The battle for LGBT rights in Ireland has had many significant moments, with the decriminalisation of homosexuality and the Gender Recognition Act among them. None though, was perhaps as impactful on a global level as the May 2015 vote in favor of same-sex marriage. The decisive referendum result saw 62% of voters back the amendment, while 38% voted against it. It made Ireland the first country in the world to make same-sex marriage legal by popular vote.

Leo Varadkar, mixed-race and openly gay, was elected Taoiseach
(Prime Minister) not just once, but twice.

The Republic’s vote was preceded by a difficult personal debate that saw gay people speak about their own lives and others joining in with the campaign. Ireland's Health Minister, Leo Varadkar (who later served as Taoiseach from 2017 to 2020 and from 2022 to 2024), may have swayed the referendum when he came out publicly:

It’s not something that defines me, I’m not a half-Indian politician or a doctor politician, I’m not a gay politician for that matter, it’s just part of who I am.

BTW, Varadkar has a special connection with Georgia Southern.

And that wasn't the only big cultural move for the island. Pope Francis visted Ireland in 2018. It was the first by a pontiff since the visit of Pope John Paul II in 1979. In the intervening 40 years, Ireland had confronted its painful history of clerical abuse and the influence of the church had waned hugely.

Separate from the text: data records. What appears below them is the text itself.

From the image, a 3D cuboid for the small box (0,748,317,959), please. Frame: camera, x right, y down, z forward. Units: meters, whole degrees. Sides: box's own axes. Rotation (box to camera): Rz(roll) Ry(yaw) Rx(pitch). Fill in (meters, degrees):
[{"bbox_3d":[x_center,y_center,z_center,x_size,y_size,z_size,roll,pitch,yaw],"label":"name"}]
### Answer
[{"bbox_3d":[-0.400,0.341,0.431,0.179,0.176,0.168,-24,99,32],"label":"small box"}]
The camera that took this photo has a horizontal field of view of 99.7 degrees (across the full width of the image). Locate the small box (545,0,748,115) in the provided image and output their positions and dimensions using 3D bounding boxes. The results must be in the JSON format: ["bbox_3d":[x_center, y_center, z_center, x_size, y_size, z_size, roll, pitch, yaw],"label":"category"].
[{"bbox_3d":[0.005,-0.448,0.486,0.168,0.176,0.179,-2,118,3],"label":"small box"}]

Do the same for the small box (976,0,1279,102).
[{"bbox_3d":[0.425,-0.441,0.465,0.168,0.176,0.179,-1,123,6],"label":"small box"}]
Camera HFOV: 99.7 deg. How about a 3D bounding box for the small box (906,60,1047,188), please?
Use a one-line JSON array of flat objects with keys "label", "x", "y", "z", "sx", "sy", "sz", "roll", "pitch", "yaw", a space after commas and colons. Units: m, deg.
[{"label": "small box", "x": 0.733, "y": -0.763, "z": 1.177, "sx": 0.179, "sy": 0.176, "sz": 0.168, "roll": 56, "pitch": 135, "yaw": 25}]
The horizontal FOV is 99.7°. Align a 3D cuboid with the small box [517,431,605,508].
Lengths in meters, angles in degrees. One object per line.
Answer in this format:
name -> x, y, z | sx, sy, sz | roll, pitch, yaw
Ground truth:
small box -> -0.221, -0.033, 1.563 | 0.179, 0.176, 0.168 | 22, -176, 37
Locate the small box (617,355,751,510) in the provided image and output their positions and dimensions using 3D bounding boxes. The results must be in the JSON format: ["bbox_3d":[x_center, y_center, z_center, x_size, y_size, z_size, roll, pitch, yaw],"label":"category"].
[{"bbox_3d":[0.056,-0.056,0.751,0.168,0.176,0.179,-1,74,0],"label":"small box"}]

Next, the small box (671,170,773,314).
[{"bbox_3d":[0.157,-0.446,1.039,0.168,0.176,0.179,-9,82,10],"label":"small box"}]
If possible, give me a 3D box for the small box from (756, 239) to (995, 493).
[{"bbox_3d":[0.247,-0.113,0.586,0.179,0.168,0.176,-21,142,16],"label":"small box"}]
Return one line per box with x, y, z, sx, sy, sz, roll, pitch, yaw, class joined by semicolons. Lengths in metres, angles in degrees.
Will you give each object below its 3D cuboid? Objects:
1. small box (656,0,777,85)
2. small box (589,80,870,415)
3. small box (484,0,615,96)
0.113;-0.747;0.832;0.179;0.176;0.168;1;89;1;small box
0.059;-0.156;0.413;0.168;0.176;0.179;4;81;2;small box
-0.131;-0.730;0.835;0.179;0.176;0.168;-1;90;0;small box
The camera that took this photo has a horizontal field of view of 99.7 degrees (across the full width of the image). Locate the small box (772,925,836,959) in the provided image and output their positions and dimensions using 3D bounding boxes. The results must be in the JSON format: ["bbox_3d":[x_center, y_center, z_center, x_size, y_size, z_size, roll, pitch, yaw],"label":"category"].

Half a million people had signed up to attend the Pope's mass in Phoenix Park outside Dublin. Estimates put the crowd at closer to 150,000. The Irish media also publicly criticized Francis’ keynote speech in Dublin Castle on the first day of his visit, when he did not make a direct apology to victims.

For a country Joyce called "priest-ridden, God-Forsaken," to move so boldly away from centuries of undue influence seemed like a true sign of growth.